• [Work required] Go to the line holding "#15 person [849, 555, 881, 689]" in the entries below and write out exactly every line down to and including the line holding "#40 person [1136, 525, 1150, 570]".

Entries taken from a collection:
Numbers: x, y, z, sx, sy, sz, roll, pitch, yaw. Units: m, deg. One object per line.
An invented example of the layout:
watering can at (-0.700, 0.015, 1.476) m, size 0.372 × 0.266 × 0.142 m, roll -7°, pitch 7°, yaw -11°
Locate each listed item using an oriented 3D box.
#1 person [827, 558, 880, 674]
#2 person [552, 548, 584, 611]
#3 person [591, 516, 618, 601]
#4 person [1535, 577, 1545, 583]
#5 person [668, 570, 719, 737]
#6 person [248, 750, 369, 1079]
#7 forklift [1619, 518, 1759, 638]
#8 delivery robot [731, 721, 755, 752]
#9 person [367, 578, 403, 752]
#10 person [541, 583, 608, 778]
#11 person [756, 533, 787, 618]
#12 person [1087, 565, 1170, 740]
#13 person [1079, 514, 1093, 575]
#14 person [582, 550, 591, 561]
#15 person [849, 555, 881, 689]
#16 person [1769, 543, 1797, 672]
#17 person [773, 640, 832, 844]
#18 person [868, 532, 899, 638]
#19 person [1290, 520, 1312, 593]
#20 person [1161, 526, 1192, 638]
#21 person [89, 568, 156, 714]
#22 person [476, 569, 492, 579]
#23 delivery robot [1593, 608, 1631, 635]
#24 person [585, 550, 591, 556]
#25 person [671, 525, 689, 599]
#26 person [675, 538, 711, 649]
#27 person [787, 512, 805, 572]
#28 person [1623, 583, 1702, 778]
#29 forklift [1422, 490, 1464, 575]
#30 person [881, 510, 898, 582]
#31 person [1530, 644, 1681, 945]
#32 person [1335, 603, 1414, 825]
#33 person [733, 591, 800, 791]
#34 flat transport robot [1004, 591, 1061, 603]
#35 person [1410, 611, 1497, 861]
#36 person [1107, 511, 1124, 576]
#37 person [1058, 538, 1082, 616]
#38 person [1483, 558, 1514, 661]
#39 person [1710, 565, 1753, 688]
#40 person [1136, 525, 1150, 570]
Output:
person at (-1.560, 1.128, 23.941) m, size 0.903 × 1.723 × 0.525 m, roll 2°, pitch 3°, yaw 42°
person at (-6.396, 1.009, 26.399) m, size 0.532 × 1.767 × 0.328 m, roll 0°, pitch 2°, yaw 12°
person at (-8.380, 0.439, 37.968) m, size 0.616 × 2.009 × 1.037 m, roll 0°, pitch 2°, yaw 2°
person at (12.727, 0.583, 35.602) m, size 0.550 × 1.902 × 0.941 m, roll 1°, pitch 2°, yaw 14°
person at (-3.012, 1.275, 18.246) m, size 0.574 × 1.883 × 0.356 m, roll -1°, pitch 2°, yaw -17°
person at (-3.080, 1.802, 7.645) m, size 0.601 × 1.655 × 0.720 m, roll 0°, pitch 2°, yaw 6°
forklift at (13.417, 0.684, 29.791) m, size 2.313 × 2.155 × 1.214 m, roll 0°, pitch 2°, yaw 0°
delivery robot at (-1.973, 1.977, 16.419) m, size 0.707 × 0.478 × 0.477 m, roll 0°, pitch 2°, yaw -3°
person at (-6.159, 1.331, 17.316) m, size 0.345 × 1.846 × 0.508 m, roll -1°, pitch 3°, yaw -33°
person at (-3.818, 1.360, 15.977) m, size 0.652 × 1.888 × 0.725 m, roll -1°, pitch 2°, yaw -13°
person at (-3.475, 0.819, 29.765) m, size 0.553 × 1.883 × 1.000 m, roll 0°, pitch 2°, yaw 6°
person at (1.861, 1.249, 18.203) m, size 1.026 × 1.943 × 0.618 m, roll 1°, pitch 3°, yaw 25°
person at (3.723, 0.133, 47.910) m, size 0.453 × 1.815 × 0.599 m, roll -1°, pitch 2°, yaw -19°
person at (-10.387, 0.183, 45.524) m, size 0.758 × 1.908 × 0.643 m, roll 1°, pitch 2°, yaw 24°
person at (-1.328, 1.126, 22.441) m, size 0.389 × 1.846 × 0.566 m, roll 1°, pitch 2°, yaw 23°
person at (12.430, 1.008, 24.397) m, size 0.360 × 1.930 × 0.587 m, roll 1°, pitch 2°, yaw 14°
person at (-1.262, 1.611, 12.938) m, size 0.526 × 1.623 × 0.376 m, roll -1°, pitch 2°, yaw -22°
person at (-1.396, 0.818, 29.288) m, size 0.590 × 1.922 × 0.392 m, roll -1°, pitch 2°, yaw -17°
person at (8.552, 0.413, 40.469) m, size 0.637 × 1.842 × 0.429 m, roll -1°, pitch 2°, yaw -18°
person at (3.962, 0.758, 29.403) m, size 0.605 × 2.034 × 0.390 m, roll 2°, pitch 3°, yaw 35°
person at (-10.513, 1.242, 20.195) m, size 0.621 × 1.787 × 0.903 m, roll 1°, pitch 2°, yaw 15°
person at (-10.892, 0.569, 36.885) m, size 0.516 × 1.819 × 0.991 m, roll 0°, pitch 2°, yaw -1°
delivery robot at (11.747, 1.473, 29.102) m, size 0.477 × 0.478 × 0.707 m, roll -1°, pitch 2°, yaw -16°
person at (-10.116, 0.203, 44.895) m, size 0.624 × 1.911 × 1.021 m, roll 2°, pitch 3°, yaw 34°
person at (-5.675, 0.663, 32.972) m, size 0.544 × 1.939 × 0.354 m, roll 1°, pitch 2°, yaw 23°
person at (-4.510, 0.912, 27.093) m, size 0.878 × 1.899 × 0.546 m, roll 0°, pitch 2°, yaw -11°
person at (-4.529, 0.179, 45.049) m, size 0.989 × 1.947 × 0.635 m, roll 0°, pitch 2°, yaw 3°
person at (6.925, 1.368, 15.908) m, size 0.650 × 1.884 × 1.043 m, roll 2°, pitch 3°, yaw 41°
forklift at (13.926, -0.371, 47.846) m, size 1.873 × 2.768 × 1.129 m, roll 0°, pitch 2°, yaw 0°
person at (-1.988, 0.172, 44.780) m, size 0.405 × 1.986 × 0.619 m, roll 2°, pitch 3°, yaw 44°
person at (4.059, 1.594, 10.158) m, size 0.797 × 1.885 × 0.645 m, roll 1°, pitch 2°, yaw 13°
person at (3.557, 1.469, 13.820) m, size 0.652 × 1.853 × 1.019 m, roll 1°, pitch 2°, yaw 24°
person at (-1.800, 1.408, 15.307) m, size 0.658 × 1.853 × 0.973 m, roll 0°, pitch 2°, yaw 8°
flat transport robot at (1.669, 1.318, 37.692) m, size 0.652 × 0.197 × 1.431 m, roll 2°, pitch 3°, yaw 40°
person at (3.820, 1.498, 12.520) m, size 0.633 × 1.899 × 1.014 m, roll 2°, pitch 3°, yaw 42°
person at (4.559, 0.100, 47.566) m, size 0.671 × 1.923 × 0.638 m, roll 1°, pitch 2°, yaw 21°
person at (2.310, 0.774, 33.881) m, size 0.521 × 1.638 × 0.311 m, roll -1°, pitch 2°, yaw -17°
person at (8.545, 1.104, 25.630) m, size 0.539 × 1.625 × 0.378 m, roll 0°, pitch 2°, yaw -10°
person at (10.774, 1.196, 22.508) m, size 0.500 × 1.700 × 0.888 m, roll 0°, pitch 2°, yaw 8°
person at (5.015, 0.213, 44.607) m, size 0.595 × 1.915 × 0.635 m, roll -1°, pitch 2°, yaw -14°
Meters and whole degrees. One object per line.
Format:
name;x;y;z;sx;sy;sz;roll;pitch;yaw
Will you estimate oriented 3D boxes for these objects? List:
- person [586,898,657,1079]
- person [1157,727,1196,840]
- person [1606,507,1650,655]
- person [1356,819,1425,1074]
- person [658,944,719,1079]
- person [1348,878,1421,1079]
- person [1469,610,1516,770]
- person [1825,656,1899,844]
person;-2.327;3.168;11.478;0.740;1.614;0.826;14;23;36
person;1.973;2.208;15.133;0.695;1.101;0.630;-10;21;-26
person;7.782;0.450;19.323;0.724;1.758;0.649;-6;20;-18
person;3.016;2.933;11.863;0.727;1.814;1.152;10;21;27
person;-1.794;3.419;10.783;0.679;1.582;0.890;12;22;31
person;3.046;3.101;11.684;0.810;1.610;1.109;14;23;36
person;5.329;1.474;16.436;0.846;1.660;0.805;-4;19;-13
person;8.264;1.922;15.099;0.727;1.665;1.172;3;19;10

• [Finished exercise]
#15 person [849, 555, 881, 689]
#16 person [1769, 543, 1797, 672]
#17 person [773, 640, 832, 844]
#18 person [868, 532, 899, 638]
#19 person [1290, 520, 1312, 593]
#20 person [1161, 526, 1192, 638]
#21 person [89, 568, 156, 714]
#22 person [476, 569, 492, 579]
#23 delivery robot [1593, 608, 1631, 635]
#24 person [585, 550, 591, 556]
#25 person [671, 525, 689, 599]
#26 person [675, 538, 711, 649]
#27 person [787, 512, 805, 572]
#28 person [1623, 583, 1702, 778]
#29 forklift [1422, 490, 1464, 575]
#30 person [881, 510, 898, 582]
#31 person [1530, 644, 1681, 945]
#32 person [1335, 603, 1414, 825]
#33 person [733, 591, 800, 791]
#34 flat transport robot [1004, 591, 1061, 603]
#35 person [1410, 611, 1497, 861]
#36 person [1107, 511, 1124, 576]
#37 person [1058, 538, 1082, 616]
#38 person [1483, 558, 1514, 661]
#39 person [1710, 565, 1753, 688]
#40 person [1136, 525, 1150, 570]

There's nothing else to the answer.